Le contrat de travail doit être exécuté de bonne foi.

Or, il résulte des pièces versées aux débats que Mme [D] [B] s’est vu priver de son emploi, lequel a été successivement ouvert à la candidature et refusé à cette dernière par simple courrier, alors même qu’elle a toujours fait preuve de compétences dans l’exercice de ses fonctions depuis de nombreuses années et de loyauté envers son employeur, tel qu’il résulte des échanges de courriels avec ses partenaires professionnels et des différentes attestations produites devant la Cour.

Cette attitude constitue de la part de l’employeur un manquement à l’obligation de loyauté inhérente à l’exécution de tout contrat de travail, lequel a causé à Mme [B] un préjudice distinct de la perte de son emploi, qu’il convient de réparer par le versement d’une somme de 5.000 euros à titre de dommages et intérêts.

Sur les intérêts

Les créances de nature salariale porteront intérêts au taux légal à compter de la saisine du conseil de prud’hommes et seront capitalisés, à condition de porter sur une année entière.

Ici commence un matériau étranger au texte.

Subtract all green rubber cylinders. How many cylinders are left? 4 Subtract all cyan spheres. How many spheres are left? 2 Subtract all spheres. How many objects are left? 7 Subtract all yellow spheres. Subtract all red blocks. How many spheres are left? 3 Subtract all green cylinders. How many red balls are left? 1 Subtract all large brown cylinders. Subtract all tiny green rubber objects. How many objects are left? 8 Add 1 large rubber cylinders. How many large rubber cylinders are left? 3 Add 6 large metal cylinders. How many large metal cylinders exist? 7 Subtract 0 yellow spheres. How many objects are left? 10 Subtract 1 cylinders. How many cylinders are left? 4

Sur les frais irrépétibles et les dépens

L’équité commande de confirmer le jugement de première instance relativement aux frais irrépétibles et de condamner la Commune de [Localité 5], prise en son établissement l’Opéra Municipal de [Localité 5], à payer à Madame [D] [B] une indemnité de 2.500 euros en application de l’article 700 du code de procédure civile en cause d’appel.

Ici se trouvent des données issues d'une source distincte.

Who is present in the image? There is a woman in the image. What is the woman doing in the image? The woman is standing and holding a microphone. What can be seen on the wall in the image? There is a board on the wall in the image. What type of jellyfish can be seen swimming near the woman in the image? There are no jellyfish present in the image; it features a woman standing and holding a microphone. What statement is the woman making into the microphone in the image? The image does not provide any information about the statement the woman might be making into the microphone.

L’employeur qui succombe, doit être tenu aux dépens de première instance et d’appel.

PAR CES MOTIFS

La Cour, statuant par arrêt contradictoire, prononcé par mise à disposition au greffe, les parties ayant été préalablement avisées dans les conditions prévues au 2ème alinéa de l’article 450 du code de procédure civile et en matière prud’homale,

Confirme le jugement déféré sauf sur le montant des dommages et intérêts pour manquement par l’employeur à l’obligation de loyauté lui incombant,

Statuant à nouveau de ce chef et y ajoutant,

Condamne la Commune de [Localité 5], prise en son établissement l’Opéra Municipal de [Localité 5], à payer à Madame [D] [B] une somme de 5.000 euros à titre de dommages et intérêts pour manquement à l’obligation de loyauté,

Condamne la Commune de [Localité 5], prise en son établissement l’Opéra Municipal de [Localité 5], à payer à Madame [D] [B], une somme de 7.875 euros au titre de l’indemnité conventionnelle de licenciement,

Dit que les créances de nature salariale porteront intérêts au taux légal à compter de la saisine du conseil de prud’hommes et dit qu’ils seront capitalisés, à condition de porter sur une année entière,

Condamne la Commune de [Localité 5], prise en son établissement l’Opéra Municipal de [Localité 5], à payer à Madame [D] [B] une indemnité de 2.500 euros en application de l’article 700 du code de procédure civile, et la condamne aux dépens.